Mi Mensaje para la XLIII Jornada Mundial de la Paz de hoy: “Si quieres cultivar la paz, custodia lo creado”, se inscribe en la perspectiva del rostro de Dios y de los rostros humanos. Podemos, de hecho, afirmar que la persona es capaz de respetar a las criaturas en la medida en la que lleva en su propio espíritu un sentido pleno de la vida, de otro modo será llevado a despreciarse a sí mismo y a lo que lo rodea, a no tener respeto por el entorno en el que vive, por lo creado. Quien sabe reconocer en el cosmos los reflejos del rostro invisible del Creador, es llevado a tener mayor amor a las criaturas, mayor sensibilidad por su valor simbólico. Especialmente el Libro de los Salmos es rico en ejemplos de este modo propiamente humano de relacionarse con la naturaleza: con el cielo, el mar, las montañas, las colinas, los ríos, los animales... “¡Cuántas son tus obras, Señor! -exclama el Salmista- ¡Todas las hiciste con sabiduría! Está llena la tierra de tus criaturas” (Sal 104/103,24).

En particular, la perspectiva del “rostro” invita a reafirmarse en lo que, también en este Mensaje, he llamado “ecología humana”. Existe de hecho un nexo muy estrecho entre el respeto a la persona y la salvaguarda de lo creado. “Los deberes hacia el medio ambiente derivan de aquellos hacia la persona considerada en sí misma y en relación con los demás (ibid., 12). Si la persona se degrada, se degrada el entorno en el que vive; si la cultura tiende a un nihilismo, si no teórico, práctico, la naturaleza no podrá no pagar las consecuencias. Se puede, en efecto, constatar un recíproco influjo entre el rostro de la persona y el “rostro” del medio ambiente: “cuando la ecología humana es respetada en la sociedad, también la ecología ambiental saca beneficio” (ibid.; cf Enc. Caritas in veritate, 51). Renuevo, por tanto, mi llamada a invertir en educación, poniéndose como objetivo, además de la necesaria transmisión de nociones técnico-científicas, una más amplia y profunda “responsabilidad ecológica”, basada en el respeto a la persona y a sus derechos y deberes fundamentales. Sólo así el compromiso por el medio ambiente puede convertirse verdaderamente en educación a la paz y construcción de la paz.

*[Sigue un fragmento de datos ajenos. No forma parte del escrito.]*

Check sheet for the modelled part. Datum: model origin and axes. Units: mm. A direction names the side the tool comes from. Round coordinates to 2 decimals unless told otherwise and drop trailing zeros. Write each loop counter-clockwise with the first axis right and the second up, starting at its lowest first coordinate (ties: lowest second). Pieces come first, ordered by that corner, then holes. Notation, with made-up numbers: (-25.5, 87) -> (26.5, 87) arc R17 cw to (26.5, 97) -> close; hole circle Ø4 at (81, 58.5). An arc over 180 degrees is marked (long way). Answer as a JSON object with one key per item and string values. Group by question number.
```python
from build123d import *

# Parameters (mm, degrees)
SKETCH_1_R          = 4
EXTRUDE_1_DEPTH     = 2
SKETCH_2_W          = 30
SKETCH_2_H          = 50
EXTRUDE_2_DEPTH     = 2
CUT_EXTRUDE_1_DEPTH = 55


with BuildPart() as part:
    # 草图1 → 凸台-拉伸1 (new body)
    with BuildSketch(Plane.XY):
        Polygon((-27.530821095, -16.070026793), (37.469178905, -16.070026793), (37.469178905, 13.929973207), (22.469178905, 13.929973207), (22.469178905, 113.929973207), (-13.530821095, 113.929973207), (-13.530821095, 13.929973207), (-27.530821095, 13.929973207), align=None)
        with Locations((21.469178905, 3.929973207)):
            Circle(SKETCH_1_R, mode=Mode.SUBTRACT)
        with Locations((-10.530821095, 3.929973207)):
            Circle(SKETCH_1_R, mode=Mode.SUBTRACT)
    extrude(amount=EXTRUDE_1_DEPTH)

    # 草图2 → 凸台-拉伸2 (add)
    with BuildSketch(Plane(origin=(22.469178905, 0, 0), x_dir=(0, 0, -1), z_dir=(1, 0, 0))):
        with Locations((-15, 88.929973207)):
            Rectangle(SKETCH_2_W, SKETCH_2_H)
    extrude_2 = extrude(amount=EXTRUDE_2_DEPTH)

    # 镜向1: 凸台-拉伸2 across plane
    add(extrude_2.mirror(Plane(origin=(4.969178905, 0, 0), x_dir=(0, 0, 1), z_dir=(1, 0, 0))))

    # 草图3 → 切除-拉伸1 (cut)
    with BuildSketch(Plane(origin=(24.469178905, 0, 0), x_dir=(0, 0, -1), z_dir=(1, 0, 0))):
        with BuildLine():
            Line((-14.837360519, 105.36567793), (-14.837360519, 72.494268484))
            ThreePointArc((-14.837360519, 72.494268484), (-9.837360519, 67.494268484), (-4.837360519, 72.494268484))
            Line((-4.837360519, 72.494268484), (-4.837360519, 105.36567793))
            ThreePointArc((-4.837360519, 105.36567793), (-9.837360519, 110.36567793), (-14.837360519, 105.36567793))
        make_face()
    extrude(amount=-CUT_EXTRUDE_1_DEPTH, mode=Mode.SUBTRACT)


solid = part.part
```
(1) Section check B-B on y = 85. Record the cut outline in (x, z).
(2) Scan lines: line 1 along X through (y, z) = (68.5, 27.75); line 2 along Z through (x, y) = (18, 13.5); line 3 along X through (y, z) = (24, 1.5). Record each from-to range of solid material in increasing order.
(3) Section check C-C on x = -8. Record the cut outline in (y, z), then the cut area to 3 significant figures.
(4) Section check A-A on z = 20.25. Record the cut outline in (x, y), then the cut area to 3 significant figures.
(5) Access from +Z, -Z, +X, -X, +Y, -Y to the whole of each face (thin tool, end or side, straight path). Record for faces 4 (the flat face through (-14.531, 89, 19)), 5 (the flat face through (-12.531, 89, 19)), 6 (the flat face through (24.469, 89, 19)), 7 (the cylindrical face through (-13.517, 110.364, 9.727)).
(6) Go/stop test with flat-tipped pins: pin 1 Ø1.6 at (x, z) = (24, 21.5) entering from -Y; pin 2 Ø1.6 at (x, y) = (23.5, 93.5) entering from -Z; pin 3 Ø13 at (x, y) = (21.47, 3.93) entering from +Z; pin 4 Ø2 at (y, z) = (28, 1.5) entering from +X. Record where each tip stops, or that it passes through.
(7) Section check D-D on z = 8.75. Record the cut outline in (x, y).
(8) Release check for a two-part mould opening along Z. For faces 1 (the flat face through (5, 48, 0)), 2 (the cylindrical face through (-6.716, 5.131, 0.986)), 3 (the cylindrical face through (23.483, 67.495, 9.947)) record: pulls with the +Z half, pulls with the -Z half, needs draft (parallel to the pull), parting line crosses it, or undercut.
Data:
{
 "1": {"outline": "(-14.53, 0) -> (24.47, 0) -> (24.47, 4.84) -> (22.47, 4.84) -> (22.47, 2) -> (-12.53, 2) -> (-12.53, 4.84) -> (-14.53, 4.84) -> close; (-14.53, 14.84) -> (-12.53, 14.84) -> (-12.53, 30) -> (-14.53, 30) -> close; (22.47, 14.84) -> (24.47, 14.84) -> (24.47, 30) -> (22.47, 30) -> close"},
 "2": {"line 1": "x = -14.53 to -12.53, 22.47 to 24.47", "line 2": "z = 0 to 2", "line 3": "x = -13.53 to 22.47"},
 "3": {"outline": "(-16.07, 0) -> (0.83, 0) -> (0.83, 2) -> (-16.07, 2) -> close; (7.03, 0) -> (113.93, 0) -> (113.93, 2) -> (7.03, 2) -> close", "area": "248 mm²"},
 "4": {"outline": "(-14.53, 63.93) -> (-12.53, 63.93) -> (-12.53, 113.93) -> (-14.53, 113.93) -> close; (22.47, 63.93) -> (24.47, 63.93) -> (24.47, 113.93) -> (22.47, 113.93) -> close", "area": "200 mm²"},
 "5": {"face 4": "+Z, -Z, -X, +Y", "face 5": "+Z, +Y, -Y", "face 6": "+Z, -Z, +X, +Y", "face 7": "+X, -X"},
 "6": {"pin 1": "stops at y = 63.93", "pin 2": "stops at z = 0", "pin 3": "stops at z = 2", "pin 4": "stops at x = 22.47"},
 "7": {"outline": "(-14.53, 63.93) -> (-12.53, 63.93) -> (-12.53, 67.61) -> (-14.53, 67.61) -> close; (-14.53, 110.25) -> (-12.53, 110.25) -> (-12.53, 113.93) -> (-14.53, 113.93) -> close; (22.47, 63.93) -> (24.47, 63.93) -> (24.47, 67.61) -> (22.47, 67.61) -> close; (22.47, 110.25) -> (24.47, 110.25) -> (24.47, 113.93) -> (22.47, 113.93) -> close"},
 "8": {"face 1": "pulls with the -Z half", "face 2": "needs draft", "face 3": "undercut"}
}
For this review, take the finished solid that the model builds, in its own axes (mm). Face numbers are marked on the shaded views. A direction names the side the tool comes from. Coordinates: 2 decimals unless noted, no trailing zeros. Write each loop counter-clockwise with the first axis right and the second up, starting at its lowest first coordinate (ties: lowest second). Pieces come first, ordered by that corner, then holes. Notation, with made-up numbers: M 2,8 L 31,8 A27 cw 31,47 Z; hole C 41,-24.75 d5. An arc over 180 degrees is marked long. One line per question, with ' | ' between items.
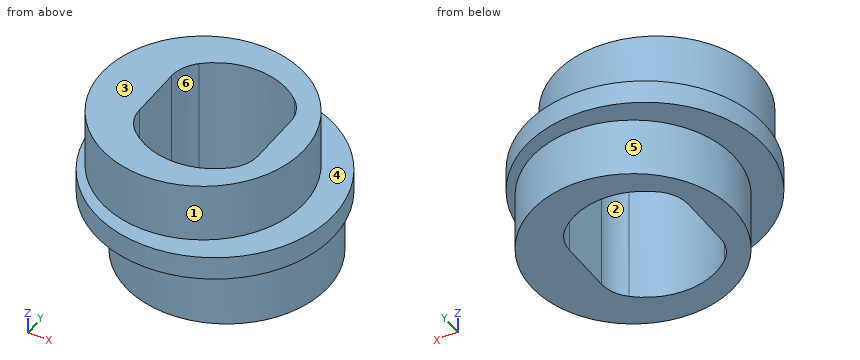
from build123d import *

# Parameters (mm, degrees)
SKETCH1_R           = 8.5
BOSS_EXTRUDE1_DEPTH = 5
SKETCH2_R           = 8.5
BOSS_EXTRUDE2_DEPTH = 7
CUT_EXTRUDE1_DEPTH  = 15.543039572
BOSS_EXTRUDE3_START = 2
SKETCH4_R           = 10
BOSS_EXTRUDE3_DEPTH = 2
FILLET2_R           = 3


with BuildPart() as part:
    # Sketch1 → Boss-Extrude1 (new body)
    with BuildSketch(Plane.XY):
        with Locations((-1, 0)):
            Circle(SKETCH1_R)
        with BuildLine():
            Line((5, -3.31662479), (5, 3.31662479))
            ThreePointArc((5, 3.31662479), (0, 6), (-5, 3.31662479))
            Line((-5, 3.31662479), (-5, -3.31662479))
            ThreePointArc((-5, -3.31662479), (0, -6), (5, -3.31662479))
        make_face(mode=Mode.SUBTRACT)
    extrude(amount=BOSS_EXTRUDE1_DEPTH)

    # Sketch2 → Boss-Extrude2 (add)
    with BuildSketch(Plane(origin=(0, 0, 0), x_dir=(-1, 0, 0), z_dir=(0, 0, -1))):
        with Locations(Location((-1, 0, 0), (0, 0, 276.756327031))):
            Circle(SKETCH2_R)
    extrude(amount=BOSS_EXTRUDE2_DEPTH)

    # Sketch3 → Cut-Extrude1 (cut, through all)
    with BuildSketch(Plane.XY):
        with BuildLine():
            Line((5, -3.31662479), (5, 3.31662479))
            ThreePointArc((5, 3.31662479), (0, 6), (-5, 3.31662479))
            Line((-5, 3.31662479), (-5, -3.31662479))
            ThreePointArc((-5, -3.31662479), (0, -6), (5, -3.31662479))
        make_face()
    extrude(amount=-CUT_EXTRUDE1_DEPTH, mode=Mode.SUBTRACT)

    # Sketch4 → Boss-Extrude3 (add)
    with BuildSketch(Plane(origin=(0, 0, 0), x_dir=(-1, 0, 0), z_dir=(0, 0, -1)).offset(BOSS_EXTRUDE3_START)):
        Circle(SKETCH4_R)
        with BuildLine():
            Line((5, 3.31662479), (5, -3.31662479))
            ThreePointArc((5, -3.31662479), (0, -6), (-5, -3.31662479))
            Line((-5, -3.31662479), (-5, 3.31662479))
            ThreePointArc((-5, 3.31662479), (0, 6), (5, 3.31662479))
        make_face(mode=Mode.SUBTRACT)
    extrude(amount=-BOSS_EXTRUDE3_DEPTH)

    # Fillet2
    fillet2_edges = [part.edges().sort_by_distance(p)[0] for p in [
        (5, 3.31662479, -1),
        (-5, 3.31662479, -1),
        (-5, -3.31662479, -1),
        (5, -3.31662479, -1),
    ]]
    fillet(fillet2_edges, radius=FILLET2_R)


solid = part.part
1. For line 1 along Z through (x, y) = (5.25, 6.5); line 2 along X through (y, z) = (1, -0.5); line 3 along Y through (x, z) = (3.25, -5.25), list the stretches that pass through material, from the lowest coordinate up.
Computed values:
line 1: z = -7 to 0 | line 2: x = -9.95 to -5, 5 to 9.95 | line 3: y = -8.2 to -5.04, 5.04 to 8.2
2. Machinability: for the marked faces 4, 5 and 6, which of the approach directions +Z, -Z, +X, -X, +Y, -Y give a long, thin tool a straight path to every point of the face, cutting with its end or side? Answer none if there is none.
Computed values:
face 4: +Z | face 5: -Z | face 6: +Z, -Z
3. Take a section at D-D on x = 5.5. State the section outline as (y, z) points, plus the area to 3 significant figures.
Computed values:
outline: M -8.35,-2 L -7.21,-2 L -7.21,-7 L 7.21,-7 L 7.21,-2 L 8.35,-2 L 8.35,0 L 5.48,0 L 5.48,5 L -5.48,5 L -5.48,0 L -8.35,0 Z | area: 160 mm2
4. Draft analysis for pull direction Y (two halves, no side actions). For the marked faces 1, 2 and 3, state which applies: pulls with the +Y half, pulls with the -Y half, needs draft (parallel to the pull), parting line crosses it, or undercut.
Computed values:
face 1: parting line crosses it | face 2: undercut | face 3: needs draft
5. Take a section at C-C on z = -3.75. State the section outline as (x, y) points, plus the area to 3 significant figures.
Computed values:
outline: C 1,0 d17; hole M -5,-2.24 A3 ccw -4,-4.47 A6 ccw 4,-4.47 A3 ccw 5,-2.24 L 5,2.24 A3 ccw 4,4.47 A6 ccw -4,4.47 A3 ccw -5,2.24 Z | area: 124 mm2
6. Take a section at A-A on y = 0. State the section outline as (x, z) points.
Computed values:
outline: M -10,-2 L -7.5,-2 L -7.5,-7 L -5,-7 L -5,5 L -9.5,5 L -9.5,0 L -10,0 Z; M 5,-7 L 9.5,-7 L 9.5,-2 L 10,-2 L 10,0 L 7.5,0 L 7.5,5 L 5,5 Z
7. Take a section at B-B on x = 0.5. State the section outline as (y, z) points, plus the area to 3 significant figures.
Computed values:
outline: M -9.99,-2 L -8.49,-2 L -8.49,-7 L -5.98,-7 L -5.98,5 L -8.37,5 L -8.37,0 L -9.99,0 Z; M 5.98,-7 L 8.49,-7 L 8.49,-2 L 9.99,-2 L 9.99,0 L 8.37,0 L 8.37,5 L 5.98,5 Z | area: 65.0 mm2
8. Clearance check with flat-ended pins moving along their axes: P1, Ø1.3, axis at y = 1, z = -2.5, coming from the -X side; P2, Ø3, axis at y = 5.5, z = -2, coming from the +X side; P3, Ø1.5, axis at y = -0.5, z = -3.5, coming from the -X side. State where each tip first meets the part, or that it passes through.
Computed values:
P1: stops at x = -9.98 | P2: stops at x = 9.17 | P3: stops at x = -7.5
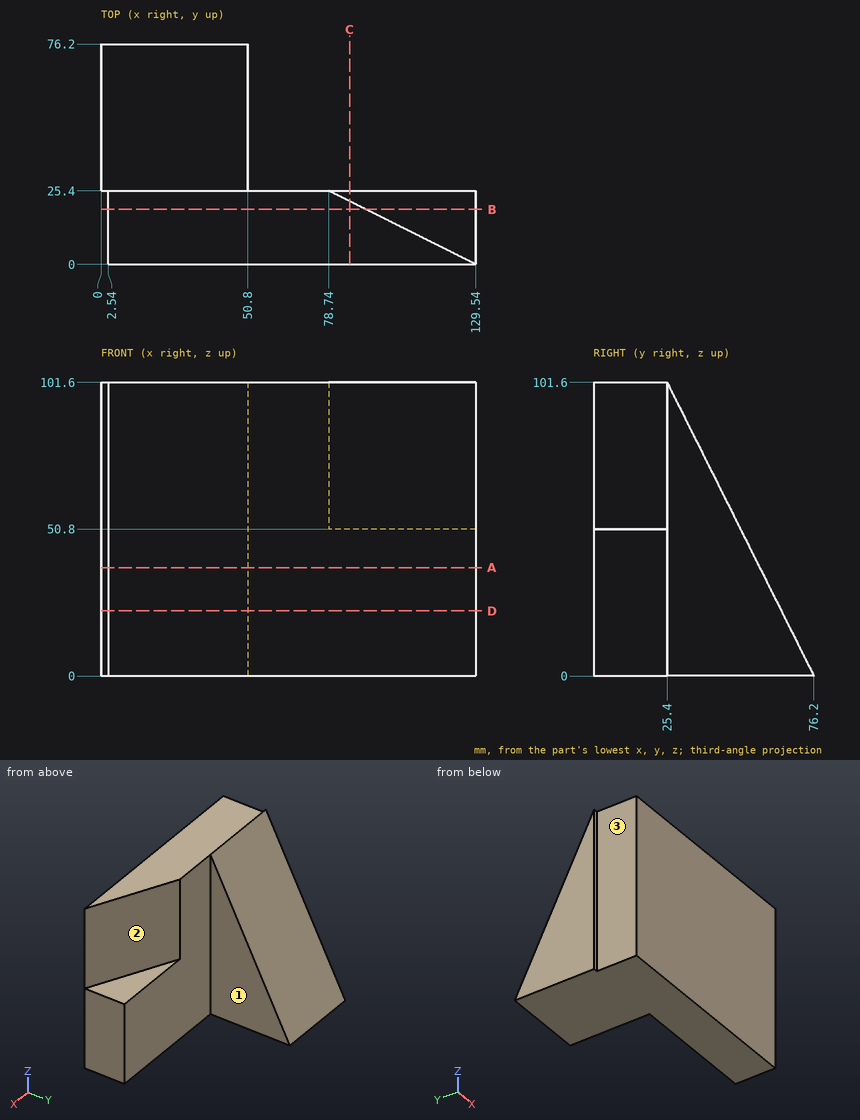
Can you work these out from the drawing? Everything is in mm from the part's minimum corner. A direction names the side the tool comes from. Give positions to 0.01 mm unless a question says otherwise; leave off trailing zeros. Loops run counter-clockwise (first coordinate to the right, second up) from the corner with the lowest first, then second, coordinate; pieces in that order, holes last. Notation, with made-up numbers: (-25, 29) - (31, 29) arc R14 cw to (31, 39) - close; hole circle Ø3 at (62.25, 3.5). An arc over 180 degrees is marked (long way). Answer as a JSON object with one key per item and string values.
Q1. Imagine slicing it at A-A on z = 37.5. Write out the boundary of the cut face in (x, y), plus the area to 3 significant figures.
Geometry says:
{"outline": "(0, 25.4) - (2.54, 25.4) - (2.54, 0) - (129.54, 0) - (129.54, 25.4) - (50.8, 25.4) - (50.8, 57.45) - (0, 57.45) - close", "area": "4,850 mm²"}
Q2. Imagine slicing it at C-C on x = 86. Write out the boundary of the cut face in (y, z), plus the area to 3 significant figures.
Geometry says:
{"outline": "(0, 0) - (25.4, 0) - (25.4, 50.8) - (21.77, 50.8) - (21.77, 101.6) - (0, 101.6) - close", "area": "2,400 mm²"}
Q3. Imagine slicing it at B-B on y = 19. Write out the boundary of the cut face in (x, z), plus the area to 3 significant figures.
Geometry says:
{"outline": "(2.54, 0) - (129.54, 0) - (129.54, 50.8) - (91.54, 50.8) - (91.54, 101.6) - (2.54, 101.6) - close", "area": "11,000 mm²"}
Q4. If I drill on L1, parallel to Y at x = 76, z = 91; L2, parallel to Z at x = 106, y = 24, over which ranges is the centre line in solid material (lowest first)?
Geometry says:
{"L1": "0 to 25.4", "L2": "0 to 50.8"}
Q5. Imagine slicing it at D-D on z = 22.5. Write out the boundary of the cut face in (x, y).
Geometry says:
{"outline": "(0, 25.4) - (2.54, 25.4) - (2.54, 0) - (129.54, 0) - (129.54, 25.4) - (50.8, 25.4) - (50.8, 64.95) - (0, 64.95) - close"}
Q6. Will these pins go through, and if not, where does the flat tip stop? P1, Ø4, axis at x = 37, y = 37.5, coming from the +Z side; P2, Ø2, axis at x = 1.5, z = 35.5, coming from the -Y side; P3, Ø5, axis at y = 42, z = 68, coming from the +X side.
Geometry says:
{"P1": "z = 81.4", "P2": "y = 25.4", "P3": "x = 50.8"}
Q7. Which directions (+Z, -Z, +X, -X, +Y, -Y) give clear straight access to the entire face, cutting with the end or side of a thin tool? Please do the marked faces 1, 2 and 3.
Geometry says:
{"face 1": "+Z, -Z, +X, +Y", "face 2": "+Z, +X, +Y", "face 3": "+Z, -Z, -X, -Y"}

Queridos hermanos y hermanas, en el Tiempo de Navidad se repite un Salmo que contiene, entre otras cosas, también un ejemplo estupendo de cómo la venida de Dios transfigura lo creado y provoca una especie de fiesta cósmica. Este himno empieza con una invitación universal a la alabanza: “Cantad al Señor un cántico nuevo, /cantad al Señor, la tierra toda. / Cantad al Señor, bendecid su nombre” (Sal 95/96,1). Pero en un cierto punto este llamamiento a la exultación se extiende a todo lo creado: “Alégrense los cielos, regocíjese la tierra, / truene el mar y cuanto en él se contiene. / Salte de júbilo el campo y cuanto hay en él, / y exulten todos los árboles de la selva” (ibidem 11-12). La fiesta de la fe se convierte en fiesta de la persona y de lo creado: esa fiesta que en Navidad se expresa también mediante la decoración decoración en los árboles, las calles, las casas. Todo reflorece porque Dios ha aparecido en medio de nosotros. La Virgen Madre muestra al Niño Jesús a los pastores de Belén, que se alegran y alaban al Señor (cf Lc 2,20); la Iglesia renueva el misterio para las personas de todas las generaciones, les muestra el rostro de Dios, para que, con su bendición, puedan caminar por la senda de la paz.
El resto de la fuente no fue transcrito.